Estimating species populations from number of users

i think this is only partly true. some users record way more observations than others, some users record more tiny things than others, some users record more arthropods than others, etc.

i would think you would get a better relative count of ticks by comparing relative numbers of ticks against all observations at a given time and place.

you could do this comparison at a county/parish level, since iNat’s “standard” places go to that level. (they also loaded town-level places, but only in certain states in the US.) GET /observations (observation counts) and GET /observations/observers (observer counts) could both be filtered using place.

an unusual alternative could be to use UTFGrids (GET /grid/{zoom}/{x}/{y}.grid.json) to get observation counts within an approximate grid. the downsides with this approach are that grid is not totally uniform in coverage, and it would be possible to get observation counts only (not user counts). here’s an example of that UTFGrid approach: https://forum.inaturalist.org/t/looking-for-inaturalist-observation-map-visualisation-suggestions/7322/22. (EDIT: i’m thinking about this more, and rather than UTFGrids, it might be better to get the actual coordinates from the iNat export, the GBIF export, or the AWS Open Data set, depending on what you’d like to do with the data. then aggregate / cluster the data yourself.)

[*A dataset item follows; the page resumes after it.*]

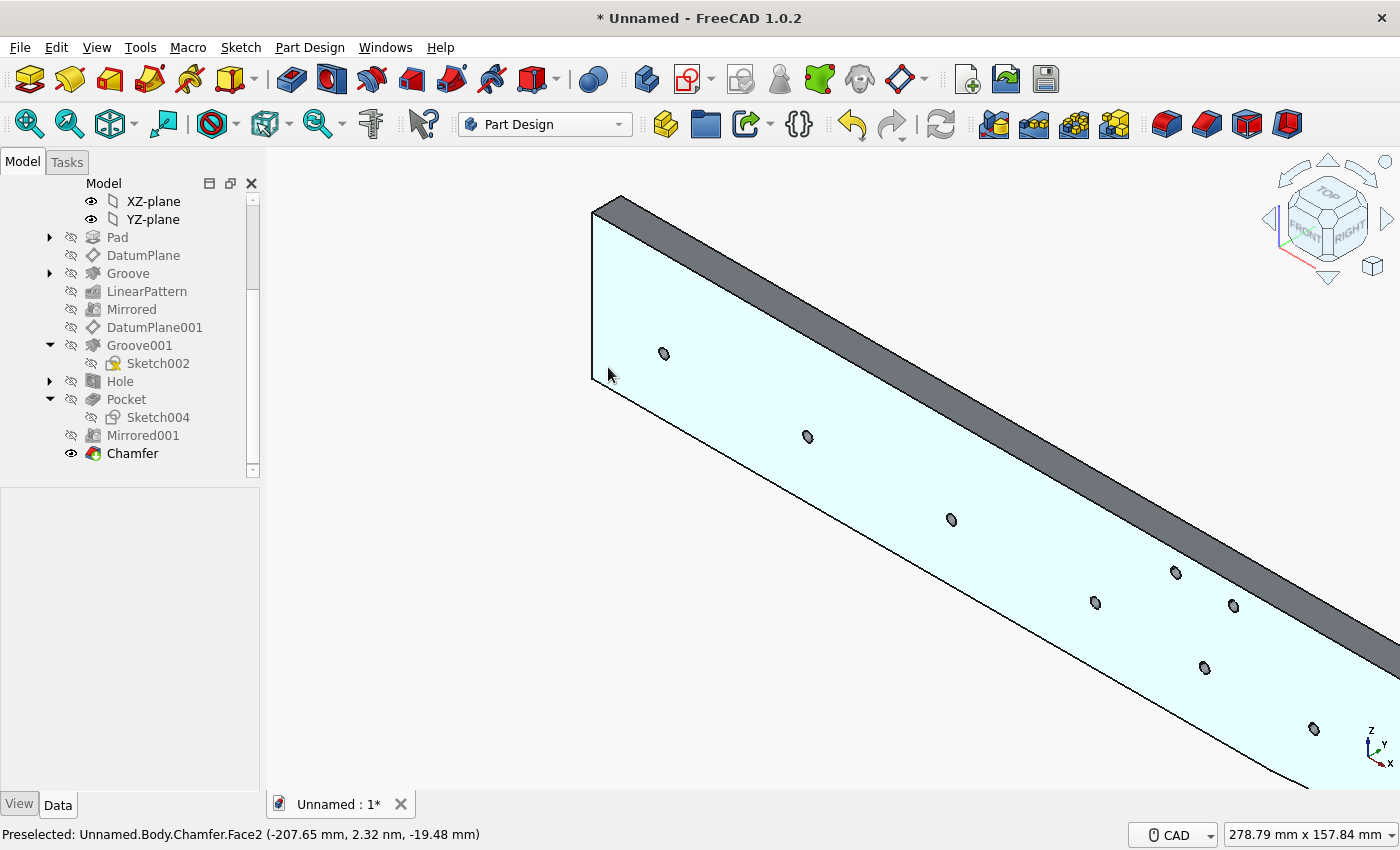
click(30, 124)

generally the location of an observation should be where the organism was observed. however, this could be especially tricky for a subject like ticks because there could be a lot of cases where, say, someone observed the tick back at home after hiking all day at a large park. i don’t know how you resolve the difference in this kind of data, except to assume that the location will generally represent the original source/home of the tick, not the home of the observer. there are also cases where the coordinates might be obscured or have large positional error – so you may or may not want to deal with that.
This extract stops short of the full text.